Marx:  Yes, that’s the next question.

Morales:  What a surprise.  [laughter]  Well, there’s a real danger in that for an organization.  The easiest thing to say is absolutely not, you know, we have our priorities, we have clear vision and we’re not going to let donors distract us from that.  The reality is let’s, if a donor is really hot to fund the second priority and less hot to serve the first, I don’t know.  I mean that’s something that I think you need to think about because you don’t want to make the perfect the enemy of the good.  However, what you never want to have is a situation where you’re doing something, you don’t think it’s valuable, isn’t worth the kind of staff support, is going to suck other resources and distract the organization in order to make some major donor happy.  And let me also add that what needs to happen, however, is a relationship, an ongoing relationship with a major donor who comes and says, you know, “I think we ought to do X.”  And you’re convinced that’s not a very good idea.  You say, “I understand what you’re trying to accomplish with that.  I don’t think that’s the best tactic for that.  We believe that this other would be.”  But also, at some point, one of the monsters I live with is that if cannot say no, you don’t have a strategy.  And sometimes you have to be willing to say, “no thank you.”

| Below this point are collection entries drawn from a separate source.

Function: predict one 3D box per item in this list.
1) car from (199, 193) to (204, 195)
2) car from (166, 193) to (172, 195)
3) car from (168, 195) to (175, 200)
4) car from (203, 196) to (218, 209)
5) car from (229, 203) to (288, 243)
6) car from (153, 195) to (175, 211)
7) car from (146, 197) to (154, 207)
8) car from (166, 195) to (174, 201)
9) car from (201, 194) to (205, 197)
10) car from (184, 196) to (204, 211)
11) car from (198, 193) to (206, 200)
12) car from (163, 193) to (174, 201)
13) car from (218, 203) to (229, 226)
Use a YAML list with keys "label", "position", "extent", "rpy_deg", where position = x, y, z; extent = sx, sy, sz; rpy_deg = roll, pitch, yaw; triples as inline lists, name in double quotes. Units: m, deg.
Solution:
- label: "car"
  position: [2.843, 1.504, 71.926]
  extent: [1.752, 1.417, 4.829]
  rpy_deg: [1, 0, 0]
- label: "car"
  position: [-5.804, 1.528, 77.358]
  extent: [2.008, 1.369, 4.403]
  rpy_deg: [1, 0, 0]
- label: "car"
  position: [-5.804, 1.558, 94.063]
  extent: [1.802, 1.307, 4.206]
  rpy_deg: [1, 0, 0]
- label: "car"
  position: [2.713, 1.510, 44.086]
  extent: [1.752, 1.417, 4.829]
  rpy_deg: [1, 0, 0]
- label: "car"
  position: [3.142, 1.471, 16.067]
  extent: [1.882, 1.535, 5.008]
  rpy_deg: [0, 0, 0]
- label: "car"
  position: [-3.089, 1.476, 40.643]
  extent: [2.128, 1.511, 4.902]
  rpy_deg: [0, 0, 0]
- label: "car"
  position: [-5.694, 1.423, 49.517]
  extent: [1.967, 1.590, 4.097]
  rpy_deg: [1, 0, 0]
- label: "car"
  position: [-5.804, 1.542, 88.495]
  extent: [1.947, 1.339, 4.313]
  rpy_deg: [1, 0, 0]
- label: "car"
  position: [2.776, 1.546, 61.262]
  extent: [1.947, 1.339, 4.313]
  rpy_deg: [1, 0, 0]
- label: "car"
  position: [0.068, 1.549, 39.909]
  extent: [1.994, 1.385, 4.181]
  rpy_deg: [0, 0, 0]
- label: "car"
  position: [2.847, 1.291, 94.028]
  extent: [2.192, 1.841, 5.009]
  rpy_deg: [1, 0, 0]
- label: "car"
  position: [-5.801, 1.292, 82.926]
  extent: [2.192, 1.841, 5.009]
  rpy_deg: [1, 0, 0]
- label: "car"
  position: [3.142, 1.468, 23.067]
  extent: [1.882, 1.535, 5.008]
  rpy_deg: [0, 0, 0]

Hallman:  If we can plan ten years ahead then we can align our donors with that plan.  If we are short this year and we have something we really need to fund, we then go to people and say can you fund this, can you fund that?  We’re in a much more vulnerable position in terms of our strategic direction.  I have found over the years that — and I’ve had some wonderful, wonderful donors in my time in the ministry, and I’ve not had a donor who has, you know, taken his or her marbles and left because of some disagreement.  They’re usually quite wonderful about the giving of their money.  I mean they are generous people that can, they have the resources and they love our faith.  And so, alignment of the donors with the strategic plan is very, very important.  And, if we don’t have that, we’re more vulnerable to the whims of people because they’re trying to help.  Not because they’re trying to take over, because they’re trying to help.

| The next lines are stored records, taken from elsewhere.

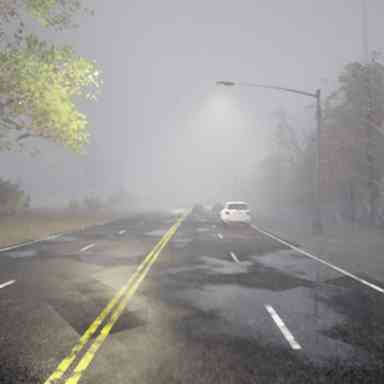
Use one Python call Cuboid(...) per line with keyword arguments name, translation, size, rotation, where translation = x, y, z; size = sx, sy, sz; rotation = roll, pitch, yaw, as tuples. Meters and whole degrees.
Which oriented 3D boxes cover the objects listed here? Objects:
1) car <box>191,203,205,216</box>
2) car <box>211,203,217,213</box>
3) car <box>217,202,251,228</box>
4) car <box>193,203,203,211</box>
Cuboid(name="car", translation=(0.820, 2.529, 46.751), size=(2.033, 1.411, 5.357), rotation=(1, -1, 2))
Cuboid(name="car", translation=(4.205, 2.565, 54.332), size=(2.033, 1.649, 4.856), rotation=(2, -1, 2))
Cuboid(name="car", translation=(3.608, 1.864, 28.256), size=(2.150, 2.045, 5.566), rotation=(2, -1, 2))
Cuboid(name="car", translation=(1.270, 2.814, 63.664), size=(1.812, 1.442, 4.674), rotation=(1, -1, 2))

Morales:  The most effective thing I believe we can do for fundraising, major and minor fundraising, is to be effective.  I mean, one of the truisms in funding is that money follows mission.  If we show that we have the clarity and the discipline and we’re effective, a donor is like any one of us.  I’m much more excited about giving to an organization in which I believe and whose leadership I trust.  One of the barriers that we face in fundraising is that we hadn’t always been that effective, and we have instituted programs that were not as effective as they night have been.  That has a long-term effect on anyone’s ability to raise funds from donors.  So one of my big concentrations would be to get results, because once you’re getting results people will be happy to give you funding to do that.

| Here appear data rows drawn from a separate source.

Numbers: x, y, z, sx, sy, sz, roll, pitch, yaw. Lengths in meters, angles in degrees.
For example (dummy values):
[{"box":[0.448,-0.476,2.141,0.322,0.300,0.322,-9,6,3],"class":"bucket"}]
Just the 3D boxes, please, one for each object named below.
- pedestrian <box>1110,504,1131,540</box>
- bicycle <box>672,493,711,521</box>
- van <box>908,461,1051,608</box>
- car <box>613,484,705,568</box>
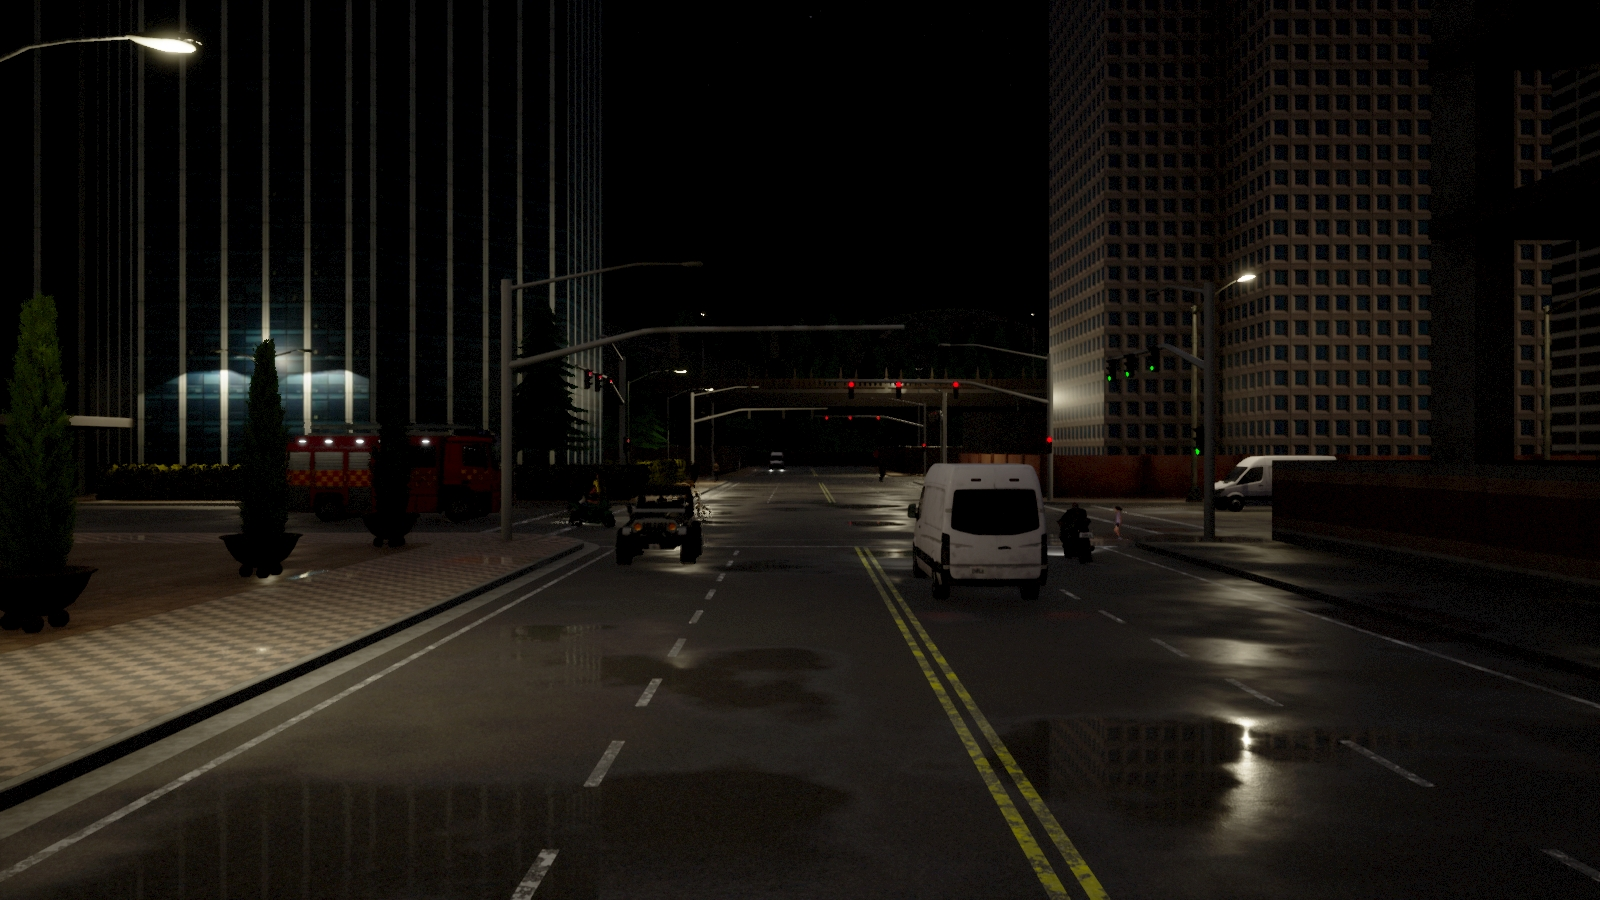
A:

Hallman:  I also would like to add that risk-taking is part of this.  The donors that I know will fund something that is a risk, that will give us new information, will give us new ways of looking at things.  And, even if something didn’t come out the way they planned, I have people who work in hospitals and raise money for research and the research doesn’t come out the way they planned.  And their belief is that if we have learnings and it effects what we know, it’s worth it.  So it’s effectiveness and it’s learning from the experiences and trust, those three things, that are the most important.

Marx:  Thank you.

Morales:  Which is one reason it’s so important, in any significant initiative, to build in rigorous outside evaluation at the beginning, which is what any foundation insists upon so that those, so that you get early signals from things that aren’t going well, and so you get learnings drawn by people who were trained and competent to do that.

Rickter:  OK.  Thank you.  I think we’re finished with this segment, and we’re finished with this forum.  So, in closing, I’d like to thank the five board members who served as moderators for the five segments.  And I especially want to thank our two candidates.

Morales:  Thank you.

Hallman:  Thank you.

Rickter:  Peter Morales and Laurel Hallman, thank you.